Interestingly, research reveals that moms who stay home and those who work outside of the home experience similar amounts of guilt, though they describe it differently.
“Moms who stay home feel a lot of pressure to justify their decision by ‘professionalizing’ parenting-enrolling their kids in tons of activities, arranging play dates, teaching them, playing with them, and doing art projects … all on top of keeping up the house,” says Francis.
“Moms who work feel pressure to cram all that at-home mom stuff into the evening hours,” she says. “And since nobody can actually do it all, all by themselves, both parties tend to feel guilty: the at-home mom might feel bad because she’d really rather not play another round of Candyland, while the working mom gets down on herself because she has to miss the school play scheduled for 10:30 a.m.”
Keri Norris has four boys-9, 6, 4 and 2-and says even though she stays home by choice, most of the mommy guilt she experiences is related to not being able to spend enough one-on-one time with each child.
“Honestly, I feel I probably have the same amount of guilt that a ‘working-outside-of-the-home mommy’ has.
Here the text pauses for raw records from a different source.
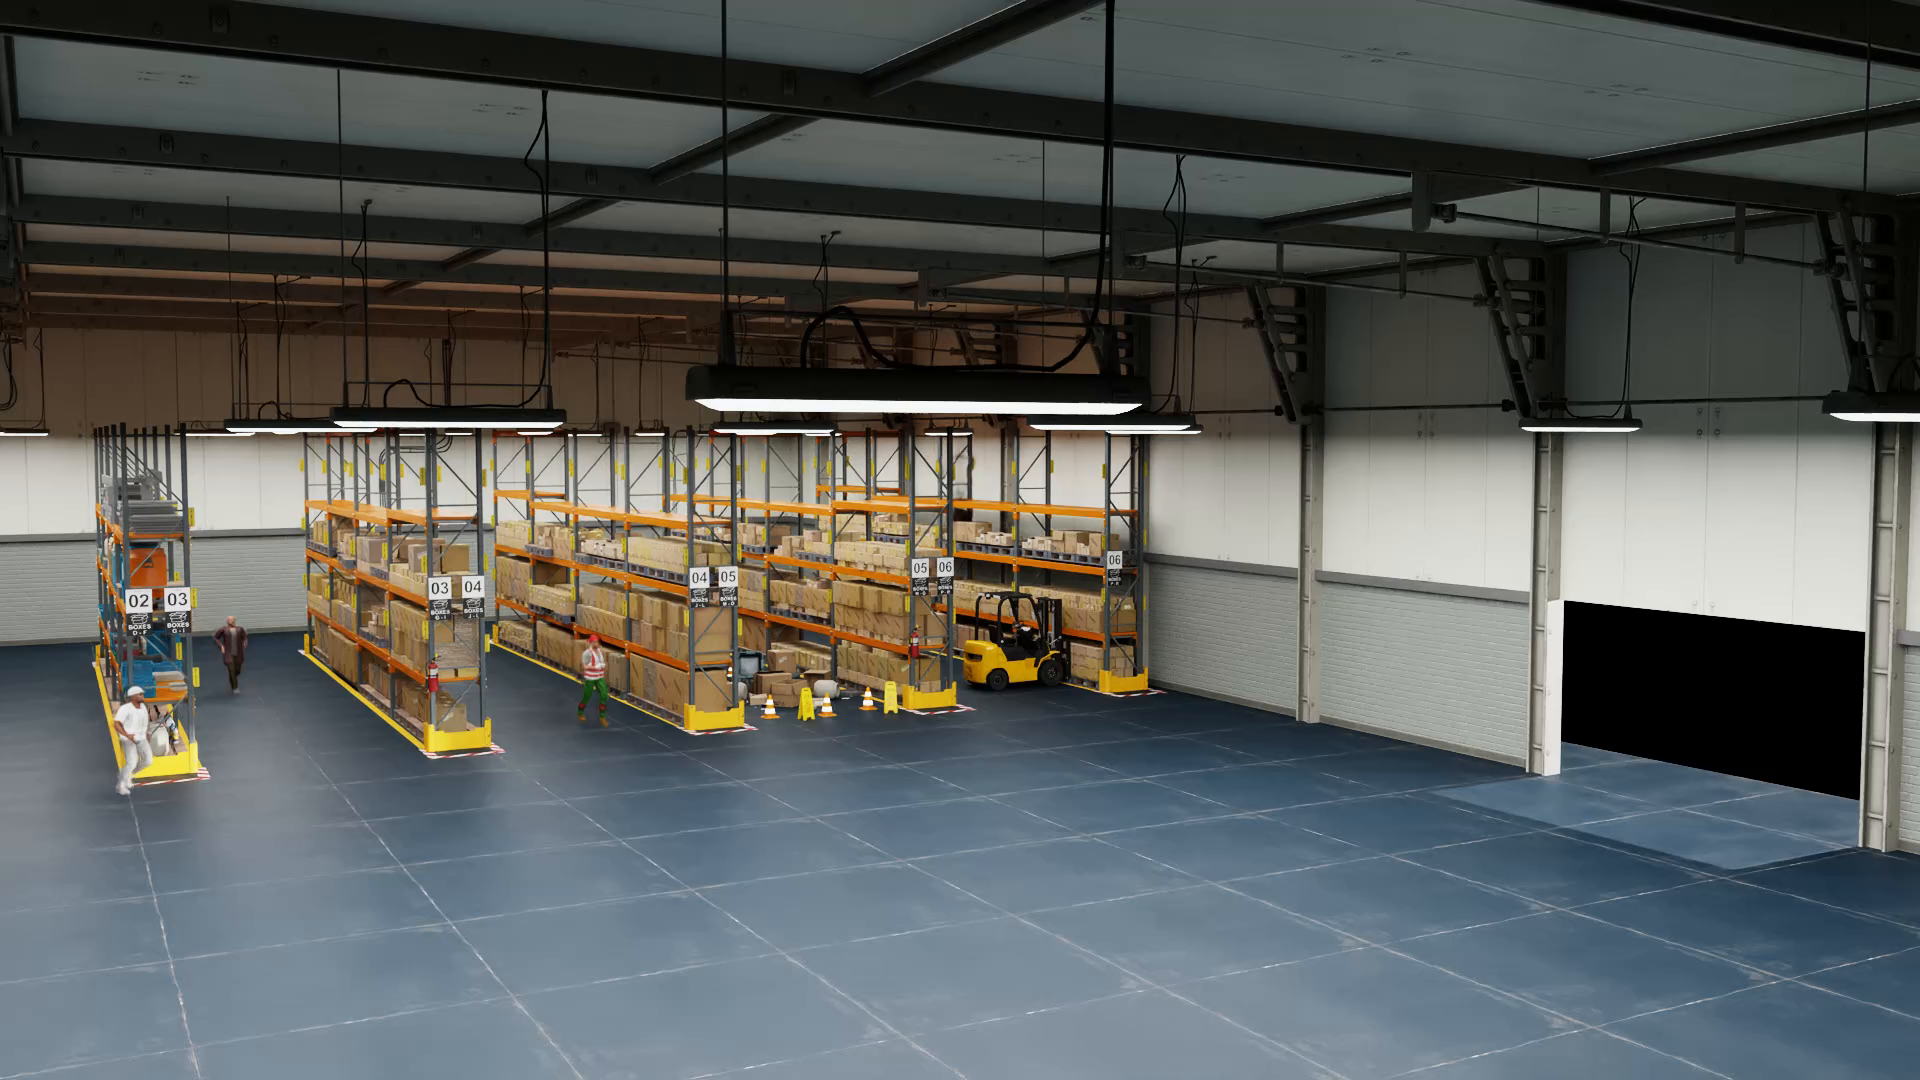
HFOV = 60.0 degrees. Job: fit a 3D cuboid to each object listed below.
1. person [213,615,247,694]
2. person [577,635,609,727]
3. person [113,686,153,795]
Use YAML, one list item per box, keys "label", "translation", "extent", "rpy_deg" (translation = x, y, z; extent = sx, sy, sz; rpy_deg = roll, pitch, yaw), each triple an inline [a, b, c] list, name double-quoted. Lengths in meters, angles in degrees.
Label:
- label: "person"
  translation: [-16.490, 2.586, 37.640]
  extent: [0.711, 1.754, 0.880]
  rpy_deg: [-3, 4, -38]
- label: "person"
  translation: [-7.328, 2.804, 33.247]
  extent: [0.886, 1.840, 0.646]
  rpy_deg: [3, 4, 40]
- label: "person"
  translation: [-13.378, 3.234, 27.025]
  extent: [0.513, 1.703, 0.760]
  rpy_deg: [1, 4, 16]
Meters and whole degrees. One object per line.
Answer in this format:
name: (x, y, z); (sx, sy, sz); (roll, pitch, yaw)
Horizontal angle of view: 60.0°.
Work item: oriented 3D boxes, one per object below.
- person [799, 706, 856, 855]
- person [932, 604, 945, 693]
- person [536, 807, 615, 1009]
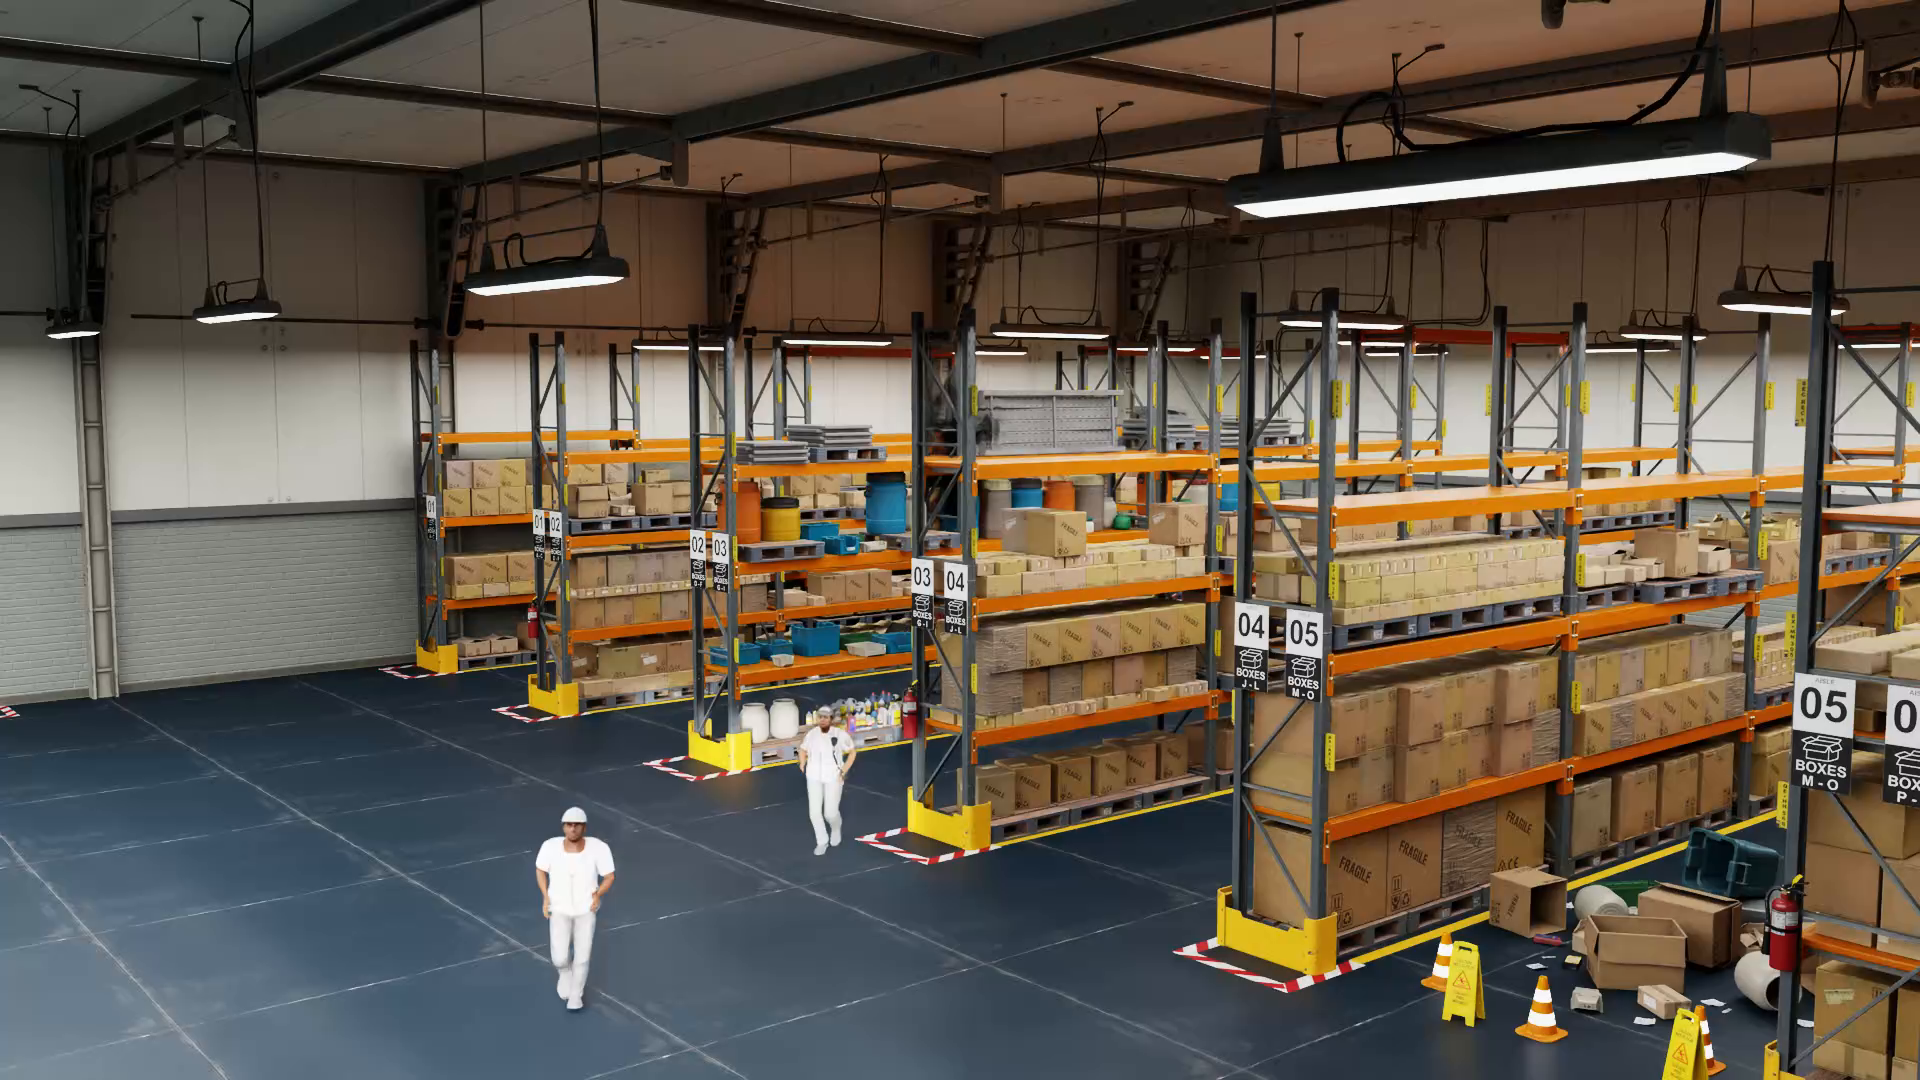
person: (-1.508, 2.662, 18.430); (0.635, 1.642, 0.562); (1, 5, 15)
person: (-0.165, 1.688, 28.190); (0.721, 1.742, 0.876); (5, 7, 44)
person: (-3.166, 3.046, 13.702); (0.640, 1.715, 0.576); (-1, 5, -12)
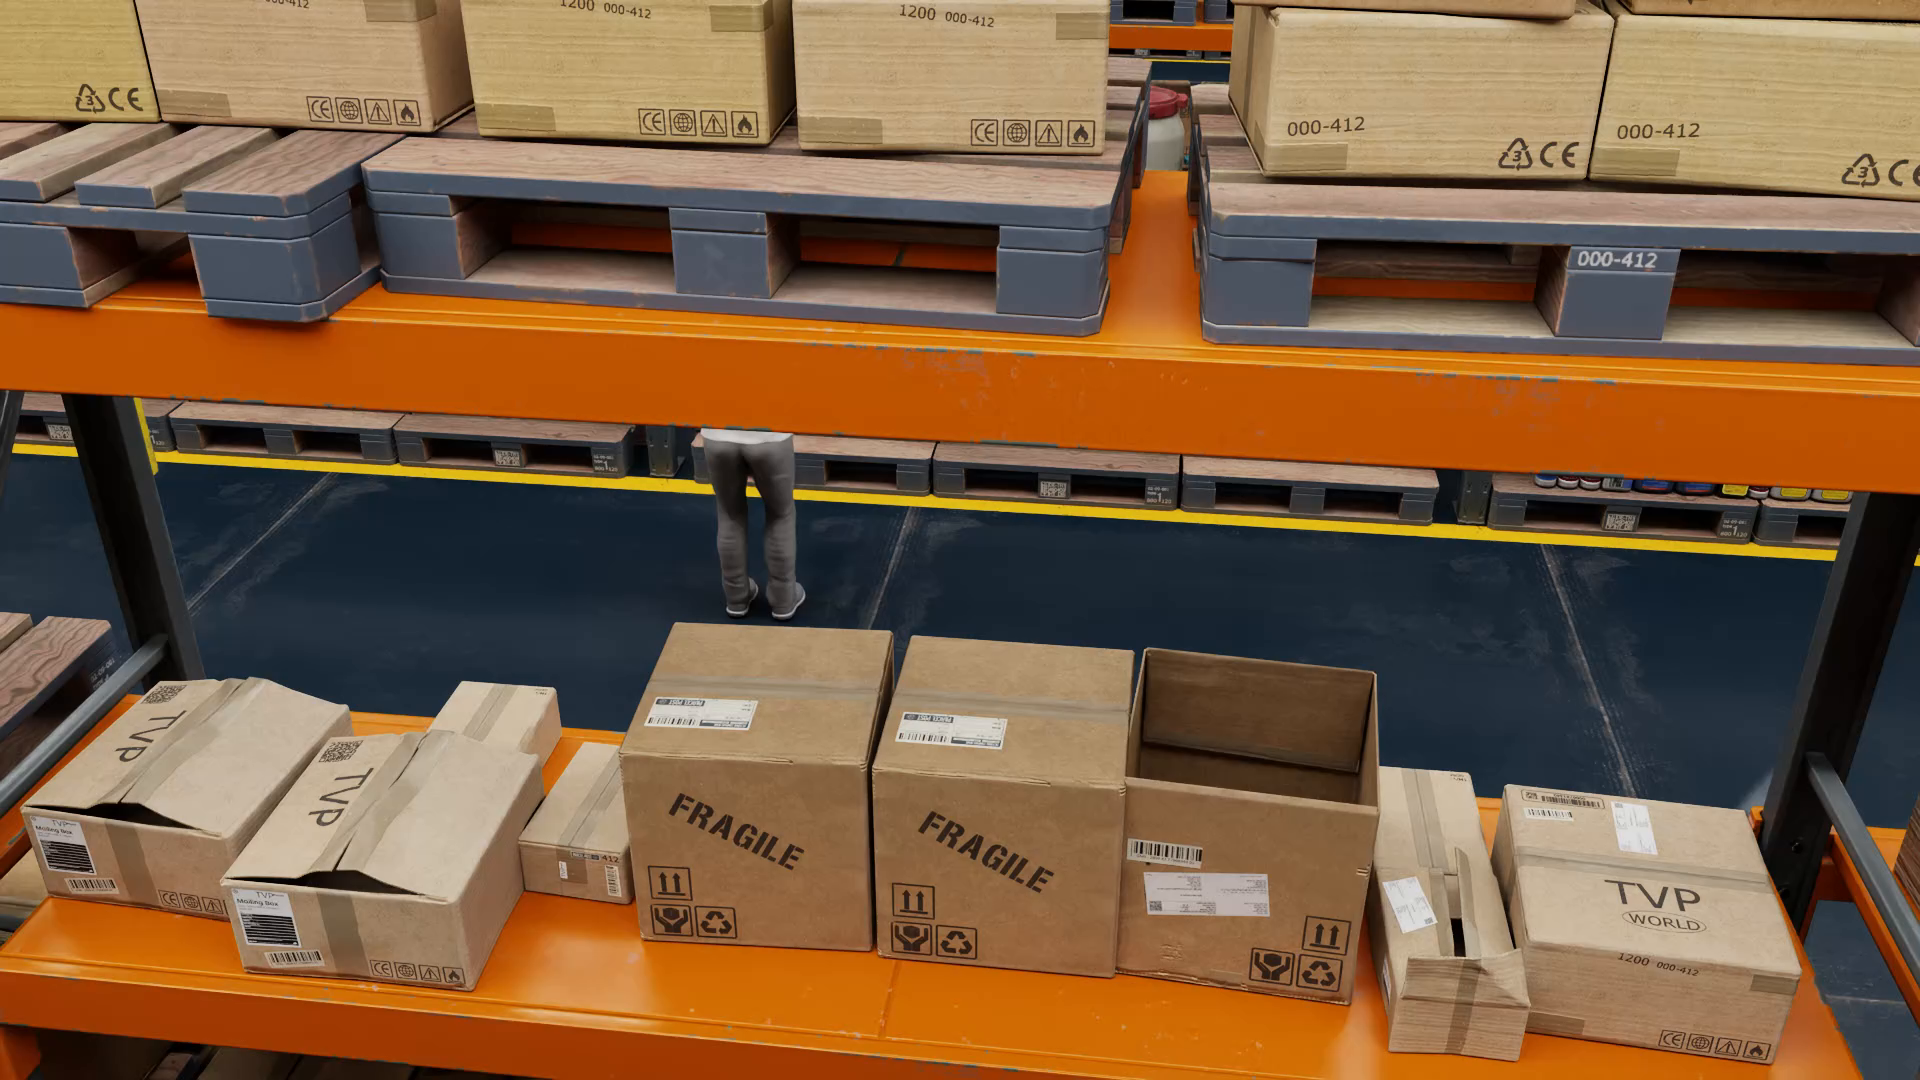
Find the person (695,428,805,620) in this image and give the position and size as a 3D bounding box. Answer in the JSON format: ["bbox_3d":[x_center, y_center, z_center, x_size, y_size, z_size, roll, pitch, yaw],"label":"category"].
[{"bbox_3d":[-0.865,-0.451,6.929,0.451,1.688,0.533,4,29,7],"label":"person"}]
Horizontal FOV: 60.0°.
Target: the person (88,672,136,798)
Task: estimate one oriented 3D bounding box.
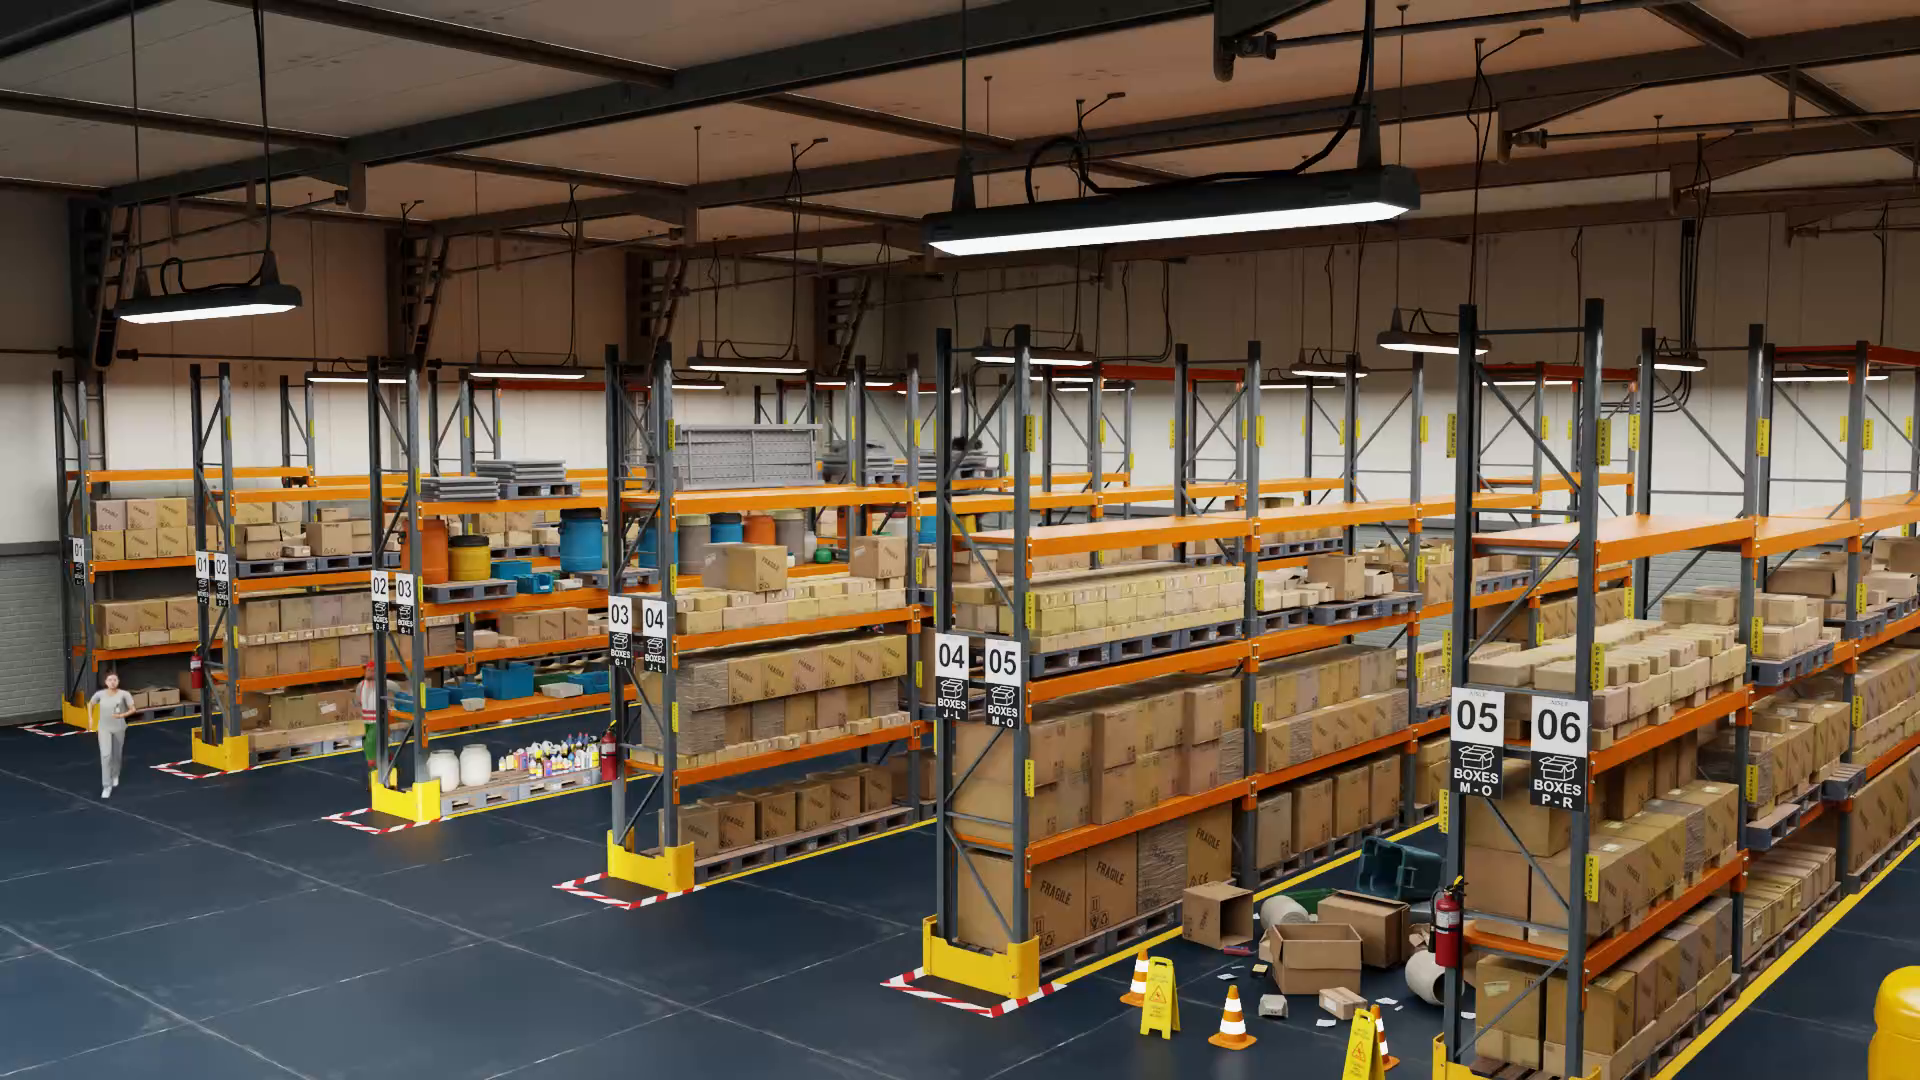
[{"bbox_3d":[-11.744,2.653,23.046,0.583,1.679,0.888,-2,5,-28],"label":"person"}]

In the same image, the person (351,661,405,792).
[{"bbox_3d":[-8.212,2.594,23.442,0.631,1.823,0.825,2,5,26],"label":"person"}]

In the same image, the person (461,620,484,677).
[{"bbox_3d":[-8.846,2.206,30.224,0.611,1.611,0.664,3,5,34],"label":"person"}]

It happens way too often in my life,” says Norris, who lives in Downers Grove. “Sometimes I feel if I were working outside of the home, the time I’d spend with my kids would be more positive. I feel I would miss them a lot during the day, and when I got home in the evening … I’d be more positive, loving and patient with them.”
Mommy guilt, decoded
If you’re feeling guilty about something, ask yourself what triggered it, says Renner. Did another parent criticize you-or worse, your child? Did your 8-year-old daughter cry when you refused to buy her a ticket to the Justin Bieber concert? Or, like me, were you out of town for work and had to miss your son’s open house at school?
Second, ask whether you truly feel guilty-or whether you feel like you should feel guilty.
“Sometimes we say we feel guilty because we’re doing something we fear other people will disapprove of,” says Francis. “What really matters is how we feel about our choices. Cutting out the ‘false’ guilt helps us hear more clearly what our own consciences are saying.”
Francis also suggests asking questions like, “Will this decision matter in five years?” “How about one year?” “Am I hurting anyone?” “Is there a positive consequence I’m not considering?” This will help you determine whether you’re feeling guilty for a valid reason or it you’re simply being too hard on yourself.
“Guilt can be a useful tool–it helps us make decisions that are good for us, for our families and the rest of the world,” says Francis. “But it only works when we use it sparingly! If we feel ‘guilty’ every time we don’t make the absolute best possible choice-which is pretty much impossible to do all the time-we’re just wasting it.”
Make no mistake, I felt terrible about missing Ryan’s open house at first. My husband took him instead. But the truth is that I want to work, even if it sometimes interferes with my role as a mom. I promised Ryan we would spend time by ourselves, which I know is what he really wants (and needs) from me.
“Spending quality time with my kids is the only way I can alleviate my mommy guilt,” agrees Norris. “The more time I spend with them, the less guilt I feel-even if it means putting housework off-like my constantly dirty kitchen! I will do it.”
Finally, remember that 96 percent of parents say they’ve experienced parenting-related guilt, yet nearly the same percentage describe themselves as “mostly happy.”
So feeling occasional mommy guilt doesn’t mean you’re a bad mom. It just means that you care about your kids, and about being a good parent. And that’s nothing to feel guilty about.